Con un modelo de gestión clínica definido, Carlos Macaya abanderará la Federación de Asociaciones Científico Médicas (Facme) en los próximos tres años. Como ya lo hiciera su antecesor, José Bajo Arenas, Macaya se abre paso con las ideas claras sobre liderazgo en gestión, modelo asistencial y el papel que juega cada profesional como eje del SNS.

Pregunta. ¿Cuáles serán los principios fundamentales de su gestión al frente de Facme?

Respuesta. Potenciar la gestión clínica, teniendo bien presente cuál es su definición, es decir, la transferencia de la capacidad de tomar decisiones de los profesionales para buscar una mayor eficiencia con el costo más producido. Potenciar la gestión clínica significa impulsarla desde un grupo que hay dentro de Facme que es la Alianza.

P. ¿Qué supone la Alianza para el desarrollo de la gestión clínica en el SNS?

R. En su origen se inició con comunidades clínicas de cinco especialidades ( Cardiología, Respiratorio, Interna, Digestivo y Radiología), ahora se ha extendido a todas las especialidades médicas. A continuación lo impulsaremos en las comunidades autónomas para adecuar los diferentes modelos en función de las especialidades, del tamaño de las unidades y lo que crean los diferentes servicios de salud autonómicos. En definitiva, la gestión supone hacer trajes a medida para que el resultado final sea la mejora de la eficiencia. Todo ello es fundamental y lo hacemos porque creemos que el SNS será más eficiente.

P. ¿Qué desafíos tiene Facme por delante?

R. Básicamente la implementación de la gestión clínica; diseñar el modelo asistencial; llevar a cabo la recertificación profesional y conquistar de nuevo la acreditación. En este último, seguiremos con la misión de certificar las destrezas profesionales y evaluar los conocimientos y las habilidades profesionales en la Formación Continuada, a través de la Sociedad Española de Acreditación de la Formación Médica Continuada (Seaformec).

P. Precisamente, lideran la gestión clínica dentro del Foro, ¿qué papel juega este organismo dentro del sistema sanitario?

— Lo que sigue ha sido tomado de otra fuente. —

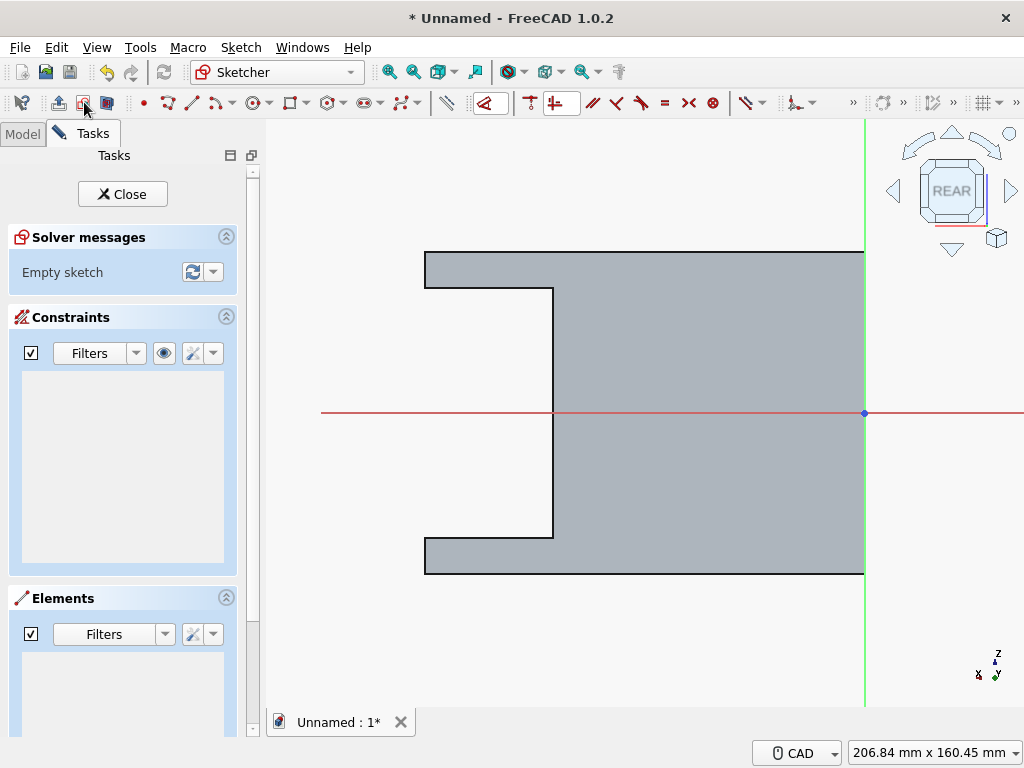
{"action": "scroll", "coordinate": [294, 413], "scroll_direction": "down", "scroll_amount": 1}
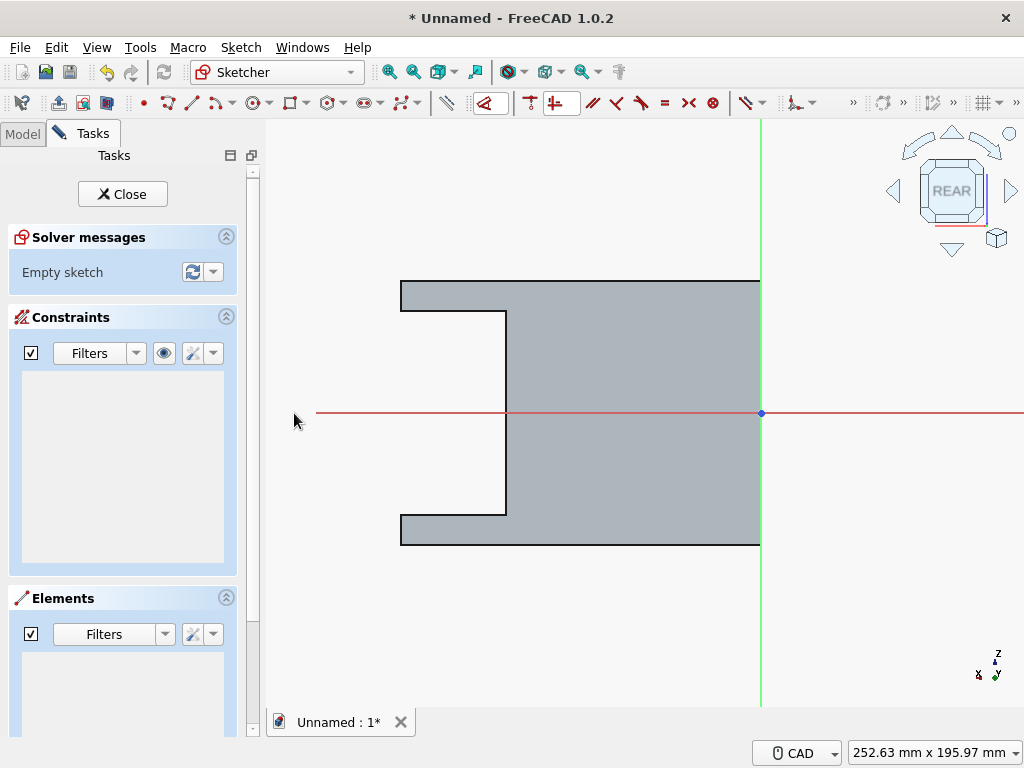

R. Es el interlocutor del profesionalismo, a través de las diferentes vertientes e instituciones que lo conforman. Nuestros objetivos son diferentes y complementarios a la vez; no es el igual el objetivo de CESM que el de los decanos de las facultades de medicina. En nuestro caso, los más próximos a nosotros son la OMC ya que ambos defendemos aspectos del profesionalismo, y sin embargo, los sindicatos son más corporativistas en este sentido, y van más al desarrollo de la carrera profesional o el modelo retributivo, aspectos laborales. Los colegios de médicos se encargan de los aspectos de la ética profesional y las sociedades científicas velan por el desarrollo correcto de la actividad profesional y de los procesos diagnósticos de las distintas especialidades. Aunque tengamos diferentes objetivos, todos tenemos la finalidad de buscar la sostenibilidad del SNS.

P. Otro de los impulsos que pretende dar a Facme es potenciar el papel de Primaria, ¿en qué sentido?

R. El acto médico no se debe ver como algo individual. El protagonismo se lo lleva el enfermo y es el que marca la ruta. Este paciente, además, necesita un hilo conductor que tendrá que ser su médico de Primaria. Los especialistas estaremos en momentos determinados del proceso del enfermo. Por tanto, su labor es clave y fundamental y por ello, AP se debe involucrar, también, en el proceso de la gestión clínica.

P. Una de las funciones de la federación es analizar el papel de las sociedades científicas en los cambios de los modelos asistenciales del SNS, ¿cómo es este análisis?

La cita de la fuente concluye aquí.